Items listed in a dataset
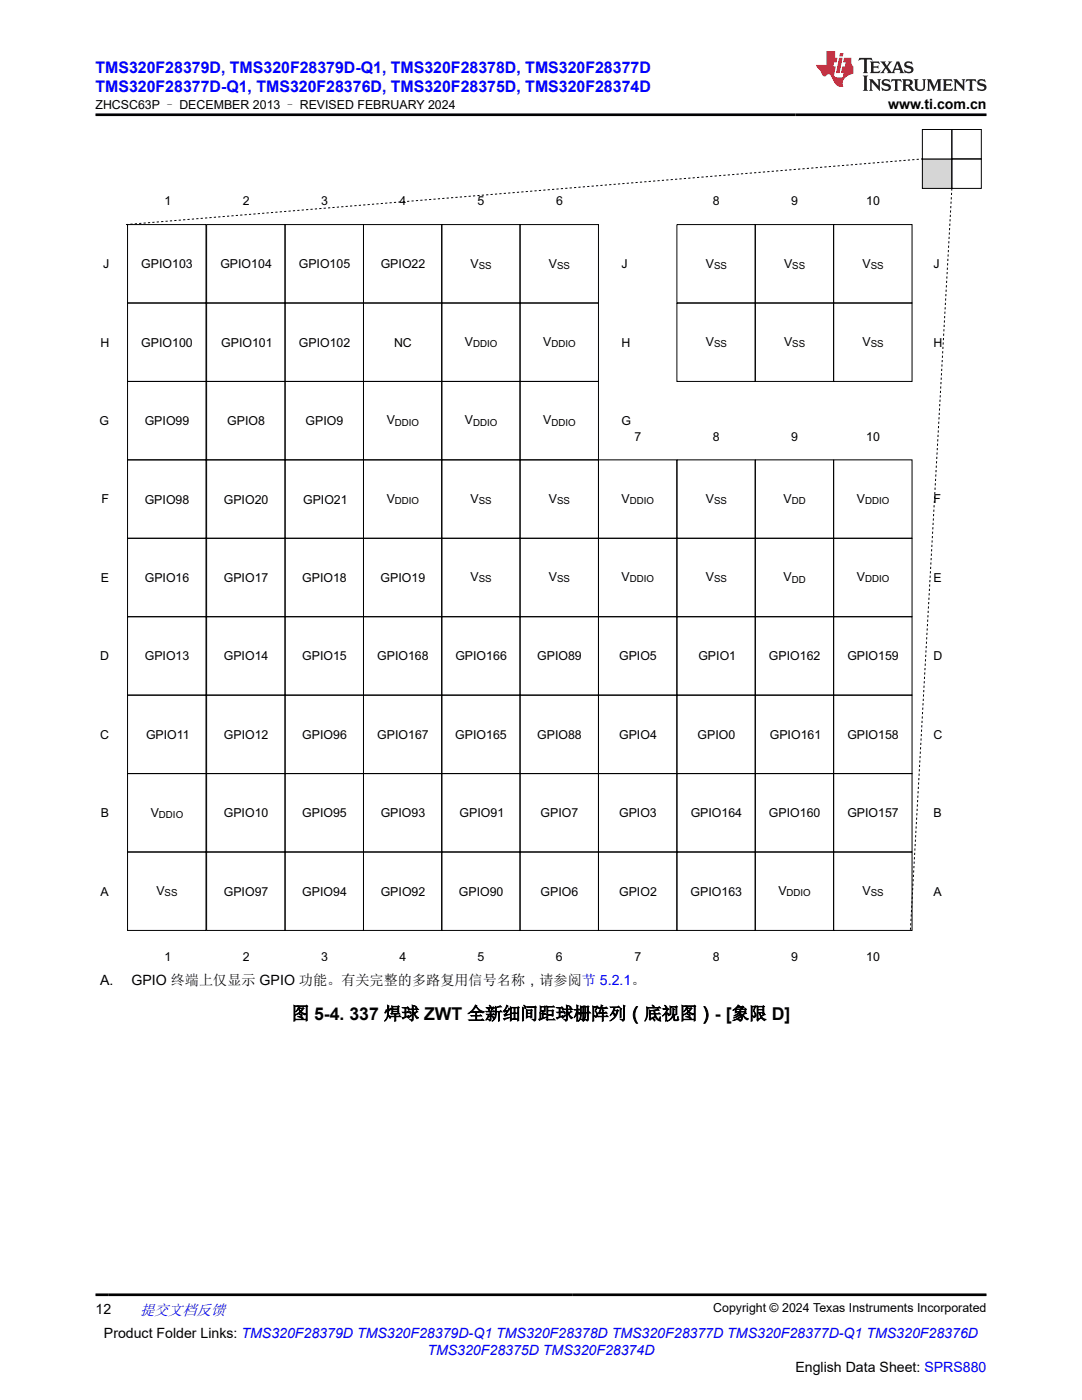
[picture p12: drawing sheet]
<svg xmlns="http://www.w3.org/2000/svg" width="216mm" height="279mm" viewBox="0 0 216 279" stroke-linecap="round" stroke-linejoin="round" font-family="sans-serif">
<defs><g id="words">
<text font-size="3.5" x="58.2" y="203.5">图 5-4. 337 焊球 ZWT 全新细间距球栅阵列（底视图）- [象限 D]</text>
<g font-size="3.2" fill="#00f">
<text x="19" y="14.5">TMS320F28379D, TMS320F28379D-Q1, TMS320F28378D, TMS320F28377D</text>
<text x="19" y="18.3">TMS320F28377D-Q1, TMS320F28376D, TMS320F28375D, TMS320F28374D</text>
</g>
<text font-size="3" fill="#00f" x="27.9" y="262.4">提交文档反馈</text>
<g font-size="2.8">
<text x="177.2" y="21.7">www.ti.com.cn</text>
<text x="20" y="196.6">A.</text>
<text x="26.3" y="196.6">GPIO 终端上仅显示 GPIO 功能。有关完整的多路复用信号名称，请参阅节 5.2.1。</text>
<text x="19" y="262.1">12</text>
<text x="20.7" y="266.9">Product Folder Links: TMS320F28379D TMS320F28379D-Q1 TMS320F28378D TMS320F28377D TMS320F28377D-Q1 TMS320F28376D</text>
<text x="158.7" y="273.7">English Data Sheet: SPRS880</text>
</g>
<text font-size="2.8" fill="#00f" x="85.3" y="270.3">TMS320F28375D TMS320F28374D</text>
<g font-size="2.5">
<text x="19" y="21.8">ZHCSC63P – DECEMBER 2013 – REVISED FEBRUARY 2024</text>
<text x="32.8" y="40.9">1</text>
<text x="48.4" y="40.9">2</text>
<text x="64.1" y="40.9">3</text>
<text x="79.7" y="40.9">4</text>
<text x="95.3" y="40.9">5</text>
<text x="111" y="40.9">6</text>
<text x="142.3" y="40.9">8</text>
<text x="157.9" y="40.9">9</text>
<text x="172.9" y="40.9">10</text>
<text x="20.6" y="53.5">J</text>
<text x="28.2" y="53.5">GPIO103</text>
<text x="44" y="53.5">GPIO104</text>
<text x="59.6" y="53.5">GPIO105</text>
<text x="76" y="53.5">GPIO22</text>
<text x="93.9" y="53.4">V</text>
<text x="109.5" y="53.4">V</text>
<text x="124" y="53.5">J</text>
<text x="140.8" y="53.4">V</text>
<text x="156.4" y="53.4">V</text>
<text x="172.1" y="53.4">V</text>
<text x="186.3" y="53.5">J</text>
<text x="20" y="69.2">H</text>
<text x="28.2" y="69.2">GPIO100</text>
<text x="44.1" y="69.2">GPIO101</text>
<text x="59.6" y="69.2">GPIO102</text>
<text x="78.6" y="69.2">NC</text>
<text x="92.7" y="69.1">V</text>
<text x="108.4" y="69.1">V</text>
<text x="124" y="69.2">H</text>
<text x="140.8" y="69.1">V</text>
<text x="156.4" y="69.1">V</text>
<text x="172.1" y="69.1">V</text>
<text x="186.3" y="69.2">H</text>
<text x="19.9" y="84.8">G</text>
<text x="28.9" y="84.8">GPIO99</text>
<text x="45.3" y="84.8">GPIO8</text>
<text x="61" y="84.8">GPIO9</text>
<text x="77.2" y="84.7">V</text>
<text x="92.7" y="84.7">V</text>
<text x="108.4" y="84.7">V</text>
<text x="124" y="84.8">G</text>
<text x="126.6" y="87.9">7</text>
<text x="142.3" y="87.9">8</text>
<text x="157.9" y="87.9">9</text>
<text x="172.9" y="87.9">10</text>
<text x="20.3" y="100.5">F</text>
<text x="28.9" y="100.5">GPIO98</text>
<text x="44.7" y="100.5">GPIO20</text>
<text x="60.5" y="100.5">GPIO21</text>
<text x="77.2" y="100.4">V</text>
<text x="93.9" y="100.4">V</text>
<text x="109.5" y="100.4">V</text>
<text x="124" y="100.4">V</text>
<text x="140.8" y="100.4">V</text>
<text x="156.3" y="100.4">V</text>
<text x="171" y="100.4">V</text>
<text x="186.3" y="100.5">F</text>
<text x="20.1" y="116.1">E</text>
<text x="28.9" y="116.1">GPIO16</text>
<text x="44.7" y="116.1">GPIO17</text>
<text x="60.3" y="116.1">GPIO18</text>
<text x="76" y="116.1">GPIO19</text>
<text x="93.9" y="116">V</text>
<text x="109.5" y="116">V</text>
<text x="124" y="116">V</text>
<text x="140.8" y="116">V</text>
<text x="156.3" y="116">V</text>
<text x="171" y="116">V</text>
<text x="186.3" y="116.1">E</text>
<text x="20" y="131.8">D</text>
<text x="28.9" y="131.8">GPIO13</text>
<text x="44.7" y="131.8">GPIO14</text>
<text x="60.3" y="131.8">GPIO15</text>
<text x="75.3" y="131.8">GPIO168</text>
<text x="90.9" y="131.8">GPIO166</text>
<text x="107.2" y="131.8">GPIO89</text>
<text x="123.5" y="131.8">GPIO5</text>
<text x="139.4" y="131.8">GPIO1</text>
<text x="153.4" y="131.8">GPIO162</text>
<text x="169.1" y="131.8">GPIO159</text>
<text x="186.3" y="131.8">D</text>
<text x="20" y="147.4">C</text>
<text x="29.1" y="147.4">GPIO11</text>
<text x="44.7" y="147.4">GPIO12</text>
<text x="60.3" y="147.4">GPIO96</text>
<text x="75.3" y="147.4">GPIO167</text>
<text x="90.9" y="147.4">GPIO165</text>
<text x="107.2" y="147.4">GPIO88</text>
<text x="123.5" y="147.4">GPIO4</text>
<text x="139.2" y="147.4">GPIO0</text>
<text x="153.6" y="147.4">GPIO161</text>
<text x="169.1" y="147.4">GPIO158</text>
<text x="186.3" y="147.4">C</text>
<text x="20.1" y="163.1">B</text>
<text x="30.1" y="163">V</text>
<text x="44.7" y="163.1">GPIO10</text>
<text x="60.3" y="163.1">GPIO95</text>
<text x="76" y="163.1">GPIO93</text>
<text x="91.7" y="163.1">GPIO91</text>
<text x="107.9" y="163.1">GPIO7</text>
<text x="123.5" y="163.1">GPIO3</text>
<text x="137.8" y="163.1">GPIO164</text>
<text x="153.4" y="163.1">GPIO160</text>
<text x="169.1" y="163.1">GPIO157</text>
<text x="186.3" y="163.1">B</text>
<text x="20" y="178.7">A</text>
<text x="31.2" y="178.6">V</text>
<text x="44.7" y="178.7">GPIO97</text>
<text x="60.3" y="178.7">GPIO94</text>
<text x="76" y="178.7">GPIO92</text>
<text x="91.6" y="178.7">GPIO90</text>
<text x="107.9" y="178.7">GPIO6</text>
<text x="123.5" y="178.7">GPIO2</text>
<text x="137.8" y="178.7">GPIO163</text>
<text x="155.3" y="178.6">V</text>
<text x="172.1" y="178.6">V</text>
<text x="186.3" y="178.7">A</text>
<text x="32.8" y="191.7">1</text>
<text x="48.4" y="191.7">2</text>
<text x="64.1" y="191.7">3</text>
<text x="79.7" y="191.7">4</text>
<text x="95.3" y="191.7">5</text>
<text x="110.9" y="191.7">6</text>
<text x="126.6" y="191.7">7</text>
<text x="142.3" y="191.7">8</text>
<text x="157.9" y="191.7">9</text>
<text x="172.9" y="191.7">10</text>
<text x="142.3" y="261.8">Copyright © 2024 Texas Instruments Incorporated</text>
</g>
<g font-size="1.9">
<text x="95.5" y="53.6">SS</text>
<text x="111.2" y="53.6">SS</text>
<text x="142.5" y="53.6">SS</text>
<text x="158.1" y="53.6">SS</text>
<text x="173.7" y="53.6">SS</text>
<text x="94.4" y="69.3">DDIO</text>
<text x="110" y="69.3">DDIO</text>
<text x="142.5" y="69.3">SS</text>
<text x="158.1" y="69.3">SS</text>
<text x="173.7" y="69.3">SS</text>
<text x="78.8" y="84.9">DDIO</text>
<text x="94.4" y="84.9">DDIO</text>
<text x="110" y="84.9">DDIO</text>
<text x="78.8" y="100.6">DDIO</text>
<text x="95.5" y="100.6">SS</text>
<text x="111.2" y="100.6">SS</text>
<text x="125.7" y="100.6">DDIO</text>
<text x="142.5" y="100.6">SS</text>
<text x="158" y="100.6">DD</text>
<text x="172.6" y="100.6">DDIO</text>
<text x="95.5" y="116.2">SS</text>
<text x="111.2" y="116.2">SS</text>
<text x="125.7" y="116.2">DDIO</text>
<text x="142.5" y="116.2">SS</text>
<text x="158" y="116.3">DD</text>
<text x="172.6" y="116.2">DDIO</text>
<text x="31.7" y="163.2">DDIO</text>
<text x="32.9" y="178.8">SS</text>
<text x="157" y="178.8">DDIO</text>
<text x="173.7" y="178.8">SS</text>
</g>
</g></defs>
<g fill="none" stroke="#000" stroke-width=".2">
<path d="M25.5 44.8h15.6v15.7h-15.6zM41.2 44.8h15.7v15.7h-15.7zM56.9 44.8h15.6v15.7h-15.6zM72.5 44.8h15.7v15.7h-15.7zM88.1 44.8h15.7v15.7h-15.7zM103.8 44.8h15.6v15.7h-15.6zM25.5 76.1h15.6v15.7h-15.6zM25.5 60.5h15.6v15.6h-15.6zM41.2 76.1h15.7v15.7h-15.7zM41.2 60.5h15.7v15.6h-15.7zM56.9 76.1h15.6v15.7h-15.6zM56.9 60.5h15.6v15.6h-15.6z"/>
<path d="M72.5 76.1h15.7v15.7h-15.7zM72.5 60.5h15.7v15.6h-15.7zM88.1 76.1h15.7v15.7h-15.7zM88.1 60.5h15.7v15.6h-15.7zM103.8 76.1h15.6v15.7h-15.6zM103.8 60.5h15.6v15.6h-15.6zM25.5 91.8h15.6v15.6h-15.6zM41.2 91.8h15.7v15.6h-15.7zM56.9 91.8h15.6v15.6h-15.6zM72.5 91.8h15.7v15.6h-15.7zM88.1 91.8h15.7v15.6h-15.7zM103.8 91.8h15.6v15.6h-15.6z"/>
<path d="M119.4 91.8h15.7v15.6h-15.7zM25.5 107.4h15.6v15.7h-15.6zM41.2 107.4h15.7v15.7h-15.7zM56.9 107.4h15.6v15.7h-15.6zM72.5 107.4h15.7v15.7h-15.7zM88.1 107.4h15.7v15.7h-15.7zM103.8 107.4h15.6v15.7h-15.6zM119.4 107.4h15.7v15.7h-15.7zM25.5 138.7h15.6v15.7h-15.6zM25.5 123.1h15.6v15.6h-15.6zM41.2 138.7h15.7v15.7h-15.7zM41.2 123.1h15.7v15.6h-15.7z"/>
<path d="M56.9 138.7h15.6v15.7h-15.6zM56.9 123.1h15.6v15.6h-15.6zM72.5 138.7h15.7v15.7h-15.7zM72.5 123.1h15.7v15.6h-15.7zM88.1 138.7h15.7v15.7h-15.7zM88.1 123.1h15.7v15.6h-15.7zM103.8 138.7h15.6v15.7h-15.6zM103.8 123.1h15.6v15.6h-15.6zM119.4 138.7h15.7v15.7h-15.7zM119.4 123.1h15.7v15.6h-15.7zM25.5 154.4h15.6v15.6h-15.6zM41.2 154.4h15.7v15.6h-15.7z"/>
<path d="M56.9 154.4h15.6v15.6h-15.6zM72.5 154.4h15.7v15.6h-15.7zM88.1 154.4h15.7v15.6h-15.7zM103.8 154.4h15.6v15.6h-15.6zM119.4 154.4h15.7v15.6h-15.7zM25.5 170h15.6v15.7h-15.6zM41.2 170h15.7v15.7h-15.7zM56.9 170h15.6v15.7h-15.6zM72.5 170h15.7v15.7h-15.7zM88.1 170h15.7v15.7h-15.7zM103.8 170h15.6v15.7h-15.6zM119.4 170h15.7v15.7h-15.7z"/>
</g>
<path d="M184 31.7h5.9v5.9h-5.9z" fill-rule="evenodd" fill="#d6d6d6"/>
<path d="M184 31.7h5.9v5.9h-5.9z" fill="none" stroke="#000" stroke-width=".2"/>
<path d="M184 25.8h5.9v5.9h-5.9z" fill-rule="evenodd" fill="#fff"/>
<g fill="none" stroke="#000" stroke-width=".2">
<path d="M184 25.8h5.9v5.9h-5.9zM189.9 31.7h5.9v5.9h-5.9zM189.9 25.8h5.9v5.9h-5.9zM135.1 44.8h15.6v15.7h-15.6zM150.7 44.8h15.6v15.7h-15.6zM166.3 44.8h15.7v15.7h-15.7zM135.1 60.5h15.6v15.6h-15.6zM150.7 60.5h15.6v15.6h-15.6zM166.3 60.5h15.7v15.6h-15.7zM135.1 91.8h15.6v15.6h-15.6zM150.7 91.8h15.6v15.6h-15.6zM166.3 91.8h15.7v15.6h-15.7z"/>
<path d="M135.1 107.4h15.6v15.7h-15.6zM150.7 107.4h15.6v15.7h-15.6zM166.3 107.4h15.7v15.7h-15.7zM135.1 138.7h15.6v15.7h-15.6zM135.1 123.1h15.6v15.6h-15.6zM150.7 138.7h15.6v15.7h-15.6zM150.7 123.1h15.6v15.6h-15.6zM166.3 138.7h15.7v15.7h-15.7zM166.3 123.1h15.7v15.6h-15.7zM135.1 154.4h15.6v15.6h-15.6zM150.7 154.4h15.6v15.6h-15.6zM166.3 154.4h15.7v15.6h-15.7z"/>
<path d="M135.1 170h15.6v15.7h-15.6zM150.7 170h15.6v15.7h-15.6zM166.3 170h15.7v15.7h-15.7z"/>
</g>
<path d="M189.9 37.6l-8.2 148.1M25.1 44.8l158.9-13.1" fill="none" stroke="#000" stroke-width=".2" stroke-dasharray=".4 .4" stroke-linecap="butt"/>
<path d="M171.5 11.6l-.2 .5 .5-.2h.6v.1v2.2l-.2 .4h1l-.2-.4v-2.2v-.1h.5l.5 .2-.1-.5zM173.6 12.3l.2 .4v1.5l-.2 .4h1.9l.1-.6a1.08 1.08 0 0 1-1.3 .2v-.7h.6l.4 .2v-.7l-.4 .2h-.6v-.5l.2-.2a1 1 0 0 1 1 .3l-.1-.5zM175.7 12.3l.9 1.1-1 1.2h.9l-.2-.2 .5-.8 .4 .8-.2 .2h1.6l-.2-.2 .2-.5h.9l.1 .5-.1 .2h.9l-.2-.3-.8-2h-.5l-.9 2.2-.9-1.1 .9-1.1h-.8l.2 .2-.4 .6-.4-.6 .2-.2zM179 12.7l.4 1h-.7zM180.7 12.4a.65 .65 0 0 0-.2 .7 .65 .65 0 0 0 .6 .5l.6 .1 .1 .3a.79 .79 0 0 1-.7 .4 .79 .79 0 0 1-.7-.5l.1 .7 .2-.1a.93 .93 0 0 0 1.1 .1 .93 .93 0 0 0 .4-1 1.46 1.46 0 0 0-1.2-.6l-.1-.3a1.09 1.09 0 0 1 1.2 .2l-.2-.6-.1 .1-.5-.2zM172.2 15.1l.2 .4v2.2l-.2 .4h1l-.2-.4v-2.2l.2-.4zM173.4 15.8l.2 .4v1.5l-.2 .4h.8l-.3-.4 .1-1.3 1.6 1.8v-2l.2-.4h-.7l.1 .2 .1 1.1-1.2-1.3zM176.2 15.9a.65 .65 0 0 0-.2 .8 .65 .65 0 0 0 .6 .4l.6 .2 .1 .2a.79 .79 0 0 1-.7 .4 .79 .79 0 0 1-.7-.5l.1 .7 .2-.1a.93 .93 0 0 0 1.1 .1 .93 .93 0 0 0 .4-.9 1.46 1.46 0 0 0-1.2-.6l-.1-.4a1.09 1.09 0 0 1 1.2 .2l-.1-.6-.2 .1-.5-.1zM177.9 15.8l-.1 .6a.63 .63 0 0 1 .8-.3v1.6l-.3 .4h1l-.2-.4v-1.6a.66 .66 0 0 1 .8 .3l-.1-.6zM180 15.8l.2 .4v1.5l-.2 .4h1l-.2-.2-.1-.7h.5l.1 .2a.79 .79 0 0 0 1.2 .6l-1-.9a.61 .61 0 0 0 .6-.6 .61 .61 0 0 0-.5-.7zM180.8 16.1h.1a.47 .47 0 0 1 .5 .1 .47 .47 0 0 1 .1 .5l-.1 .1-.7 .1zM182.3 15.8l.2 .2a2.27 2.27 0 0 0 .4 2 1.04 1.04 0 0 0 1.7-.7v-1.3l.2-.2h-.8l.2 .4v1.1a.6 .6 0 0 1-.6 .6 .6 .6 0 0 1-.6-.6v-1.1l.3-.4zM184.9 15.8l.2 .4v1.5l-.2 .4h.8l-.3-.4v-1.4l.9 1.9 .9-1.9v1.4l-.3 .4h1l-.2-.4v-1.5l.2-.4h-.8l-.7 1.5-.6-1.5zM188.1 15.8l.2 .4v1.5l-.2 .4h1.9l.1-.6a1.09 1.09 0 0 1-1.3 .2v-.7h.6l.4 .2v-.6l-.4 .2h-.6v-.6l.2-.1a1.01 1.01 0 0 1 1 .3l-.1-.6zM190.2 15.8l.3 .4v1.5l-.3 .4h.8l-.2-.4v-1.3l1.6 1.8v-2l.2-.4h-.7l.2 .2v1.1l-1.2-1.3zM192.8 15.8l-.1 .6a.63 .63 0 0 1 .8-.3v1.6l-.3 .4h1l-.2-.4v-1.6a.66 .66 0 0 1 .8 .3l-.1-.6zM195.2 15.9a.65 .65 0 0 0-.2 .8 .65 .65 0 0 0 .6 .4l.6 .2 .2 .2a.79 .79 0 0 1-.7 .4 .79 .79 0 0 1-.7-.5l.1 .7 .2-.1a.93 .93 0 0 0 1 .1 .93 .93 0 0 0 .5-.9 1.46 1.46 0 0 0-1.3-.6v-.4a1.09 1.09 0 0 1 1.2 .2l-.2-.6-.2 .1-.5-.1z" fill="#231f20"/>
<path d="M164.9 10.2v2.8h-2l.1 .3 .8 1a.95 .95 0 0 0 1 .9 .59 .59 0 0 1 .5-.4 .59 .59 0 0 1 .5 .4l.4 .7a1.59 1.59 0 0 0 2.1 1.4 1.61 1.61 0 0 1 1-2.3l1-.3-.1-1.5a1.59 1.59 0 0 1-.3-1.7h-1.5l-.2 .9h.6l-.2 .9h-.5l-.2 1v.2l.4 .1-.1 .9h-.7a.73 .73 0 0 1-1-.7l.3-1.5h-.5l.1-.9h.5l.2-.9h-.5v-1.3zM167.4 11.5l-.6 3.1h.7l.6-3.1zM167.6 10.6l-.1 .6h.7l.1-.6z" fill="#ed1c24"/>
<path d="M19 22.9h177.8M19 258.4h177.8" fill="none" stroke="#000" stroke-width=".53"/>
<use href="#words"/>
</svg>

Instructions for the task:
Please quote exactly the run of lines that starts the entries and ends at the line containing "全新细间距球栅阵列（底视图）- [象限 D]</text>", leaving out every picture.

Completed task:
[picture p12: drawing sheet]
<svg xmlns="http://www.w3.org/2000/svg" width="216mm" height="279mm" viewBox="0 0 216 279" stroke-linecap="round" stroke-linejoin="round" font-family="sans-serif">
<defs><g id="words">
<text font-size="3.5" x="58.2" y="203.5">图 5-4. 337 焊球 ZWT 全新细间距球栅阵列（底视图）- [象限 D]</text>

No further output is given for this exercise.